Principles of Consolidation and Combination
The combined financial statements include amounts prior to the Contribution derived from Clear
Channel Communications’ consolidated financial statements using the historical results of
operations and bases of the assets and liabilities of Clear Channel Communications’ outdoor
advertising businesses and give effect to allocations of expenses from Clear Channel
Communications. These allocations were made on a specifically identifiable basis or using relative
percentages of headcount or other methods management considered to be a reasonable reflection of
the utilization of services provided. The Company’s historical financial data may not be indicative
of its future performance nor will such data reflect what its financial position and results of
operations would have been had it operated as an independent publicly traded company during the
periods shown. Significant intercompany accounts among the combined businesses have been eliminated
in consolidation. Investments in nonconsolidated affiliates are accounted for using the equity
method of accounting.
Certain Reclassifications
Certain amounts in prior years have been reclassified to conform to 2005 presentation. The
Company has reclassified operating gains and losses to be included as a component of operating
income and reclassified minority interest expense below its provision for income taxes to conform
to current year presentation.
Cash and Cash Equivalents
Cash and cash equivalents include all highly liquid investments with an original maturity of
three months or less.
Allowance for Doubtful Accounts
The Company evaluates the collectibility of its accounts receivable based on a combination of
factors. In circumstances where it is aware of a specific customer’s inability to meet its
financial obligations, it records a
57
specific reserve to reduce the amounts recorded to what it believes will be collected. For all
other customers, it recognizes reserves for bad debt based on historical experience of bad debts as
a percent of revenues for each business unit, adjusted for relative improvements or deteriorations
in the agings and changes in current economic conditions. The Company believes the credit risk with
respect to trade receivables is limited due to the large number and the geographic diversification
of its customers.
Land Leases and Other Structure Licenses
Most of the Company’s advertising structures are located on leased land. Americas land rents
are typically paid in advance for periods ranging from 1 to 12 months. International land rents are
paid both in advance and in arrears, for periods ranging from 1 to 12 months. Most international
street furniture advertising display faces are licensed through municipalities for up to 20 years.

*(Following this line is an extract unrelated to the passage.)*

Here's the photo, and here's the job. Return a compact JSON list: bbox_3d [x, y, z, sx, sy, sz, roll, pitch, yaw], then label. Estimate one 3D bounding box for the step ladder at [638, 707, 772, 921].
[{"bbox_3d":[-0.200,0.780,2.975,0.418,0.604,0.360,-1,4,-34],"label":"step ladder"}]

The street furniture licenses often include a percent of revenue to be paid along with a base rent
payment. Prepaid land leases are recorded as an asset and expensed ratably over the related rental
term and license and rent payments in arrears are recorded as an accrued liability.
Purchase Accounting
The Company accounts for its business acquisitions under the purchase method of accounting.
The total cost of acquisitions is allocated to the underlying identifiable net assets, including
any related indefinite-lived permit intangible assets, based on their respective estimated fair
values. The excess of the purchase price over the estimated fair values of the net assets acquired
is recorded as goodwill. Determining the fair value of assets acquired and liabilities assumed
requires management’s judgment and often involves the use of significant estimates and assumptions,
including assumptions with respect to future cash inflows and outflows, discount rates, asset lives
and market multiples, among other items. In addition, reserves have been established on the
Company’s balance sheet related to acquired liabilities and qualifying restructuring costs and
contingencies based on assumptions made at the time of acquisition. The Company evaluates these
reserves on a regular basis to determine the adequacies of the amounts.

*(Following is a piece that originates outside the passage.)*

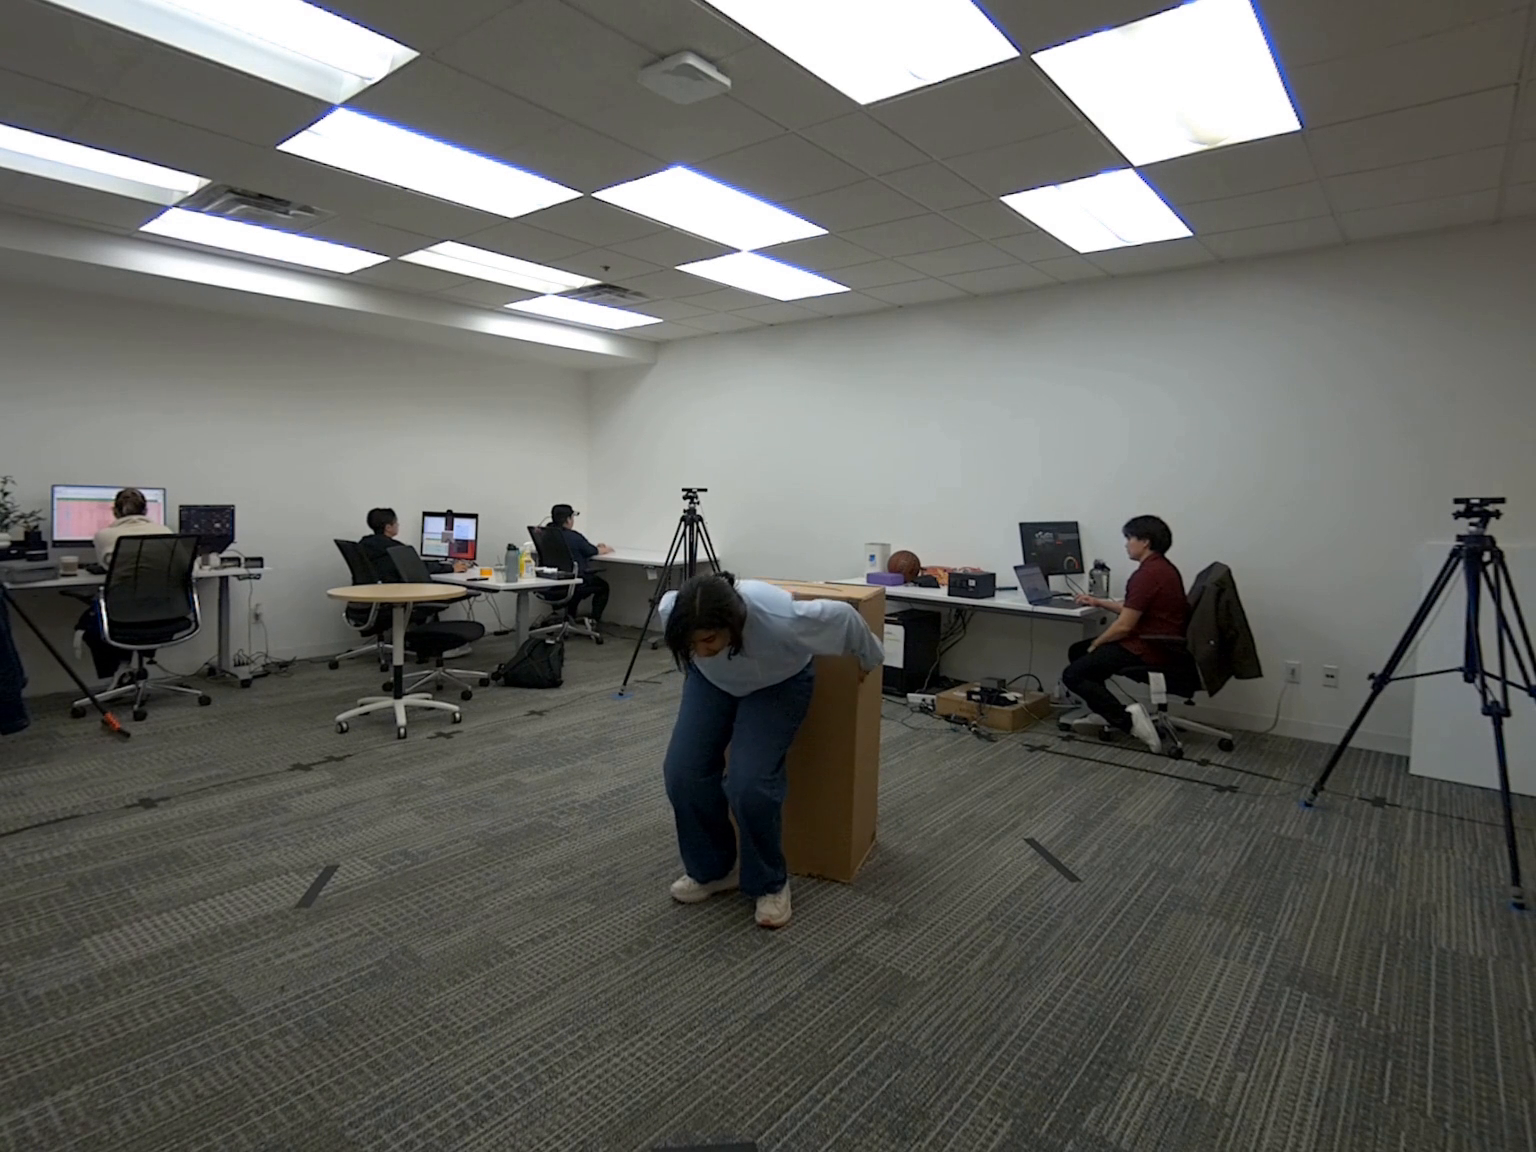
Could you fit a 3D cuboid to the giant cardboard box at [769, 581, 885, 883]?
[{"bbox_3d":[0.107,0.550,3.293,0.591,1.023,0.417,3,4,22],"label":"giant cardboard box"}]

Asset Retirement Obligation
Statement of Financial Accounting Standards No. 143,
Accounting for Asset Retirement
Obligations
requires the Company to estimate its obligation upon the termination or non-renewal of
a lease to dismantle and remove its advertising structures from the leased land and to reclaim the
site to its original condition. The Company’s asset retirement obligation is reported in
“Other long-term liabilities.” The Company records the present value of obligations associated with
the retirement of its advertising structures in the period in which the obligation is incurred. The
liability is capitalized as part of the related advertising structures carrying amount. Over time,
accretion of the liability is recognized as an operating expense and the capitalized cost is
depreciated over the expected useful life of the related asset.
Property, Plant and Equipment
Property, plant and equipment are stated at cost. Depreciation is computed using the
straight-line method at rates that, in the opinion of management, are adequate to allocate the cost
of such assets over their estimated useful lives, which are as follows:
Buildings and improvements — 10 to 39 years
Structures — 5 to 40 years
Furniture and other equipment — 3 to 20 years
Leasehold improvements — shorter of economic life or lease term assuming renewal periods, if
appropriate
For assets associated with a lease or contract, the assets are depreciated at the shorter of
the economic life or the lease or contract term, assuming renewal periods, if appropriate.
Expenditures for maintenance and repairs are charged to operations as incurred, whereas
expenditures for renewal and betterments are capitalized.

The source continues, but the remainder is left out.